On the 3rd of August 2017, the Committee of the Eurasian Economic Union (EAEU) released the standards for EAEU electronic submissions.

The Board of the EAEU has published decisions on the electronic submission of drug applications. These include decisions 78 and 79 of the Board:

  • Decision 78 gives details and clarifications on content & structure of the submissions. For existing applicants, this will involve changes in regulatory requirements. Due to the change of the modules / sections structure, existing applications will have to be re-structured to adapt the new structure and to comply with the current requirements. In general, the whole application procedure will change. From the 31st of December 2020, applicants will no longer be able to submit new applications as a national procedure, it will be replaced by either Decentralized Procedure (DCP) / Mutual Recognition Procedure (MRP).
  • Decision 79 gives details on technical compliance of the electronic submissions. Additional XML files need to be provided alongside with the PDF documents for a drug application. The XML for the application form is known as “R.017” which contains information on the applicant company, the product, and the substance.

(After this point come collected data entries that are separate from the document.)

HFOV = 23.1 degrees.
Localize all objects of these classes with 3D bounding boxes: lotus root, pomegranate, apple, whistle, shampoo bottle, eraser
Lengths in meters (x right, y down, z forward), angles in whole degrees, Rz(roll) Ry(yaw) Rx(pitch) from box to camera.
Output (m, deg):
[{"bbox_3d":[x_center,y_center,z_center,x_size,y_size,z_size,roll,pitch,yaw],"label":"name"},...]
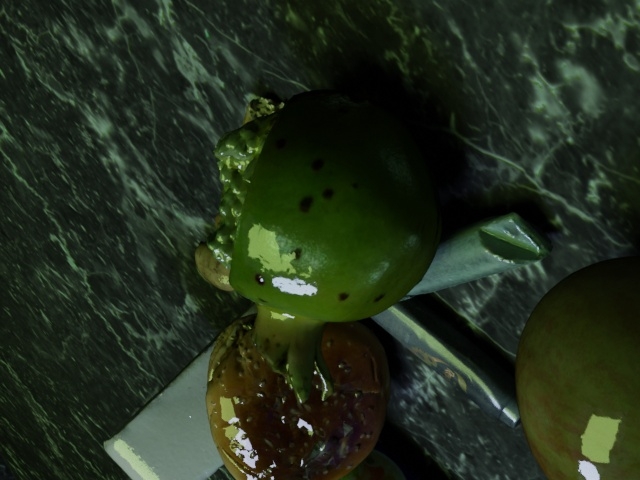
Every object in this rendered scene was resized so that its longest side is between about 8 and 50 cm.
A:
[{"bbox_3d":[-0.130,0.038,2.181,0.152,0.063,0.072,19,134,51],"label":"lotus root"},{"bbox_3d":[0.000,0.000,1.641,0.260,0.260,0.341,17,103,48],"label":"pomegranate"},{"bbox_3d":[0.303,0.134,1.425,0.257,0.256,0.234,63,-179,-30],"label":"apple"},{"bbox_3d":[0.137,0.021,1.699,0.062,0.062,0.312,52,149,-10],"label":"whistle"},{"bbox_3d":[0.155,0.136,1.879,0.233,0.049,0.087,39,160,17],"label":"shampoo bottle"},{"bbox_3d":[-0.134,0.219,2.284,0.150,0.331,0.331,46,156,-1],"label":"eraser"}]

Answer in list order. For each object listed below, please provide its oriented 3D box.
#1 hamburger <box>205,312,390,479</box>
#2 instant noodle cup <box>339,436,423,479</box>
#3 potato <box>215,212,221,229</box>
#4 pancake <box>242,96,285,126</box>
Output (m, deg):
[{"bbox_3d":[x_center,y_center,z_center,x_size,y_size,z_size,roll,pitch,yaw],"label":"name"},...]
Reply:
[{"bbox_3d":[-0.036,0.210,2.050,0.243,0.286,0.146,28,-165,-20],"label":"hamburger"},{"bbox_3d":[0.064,0.415,2.225,0.312,0.284,0.284,50,156,12],"label":"instant noodle cup"},{"bbox_3d":[-0.112,-0.002,2.104,0.068,0.062,0.083,-18,88,30],"label":"potato"},{"bbox_3d":[-0.001,-0.032,1.875,0.244,0.057,0.266,35,151,23],"label":"pancake"}]

A second XML “R.022” contains information on the documents submitted, together with specific identifiers for each document type.

What does it mean for the applicant? What is the to-do list?

For all your existing applications already approved in one of the EAEU member states, you should start getting prepared for the transition to the electronic format by:

  • updating the content and structure of your application to be compliant with decision 78.
  • making documents electronic by scanning / OCR processing or creating new ones.

Additionally, it is advised that you submit a baseline submission of your existing dossier in electronic form.

If you don’t have an existing and approved application within one of the EAEU member states, you are now able to start your application directly in the electronic format.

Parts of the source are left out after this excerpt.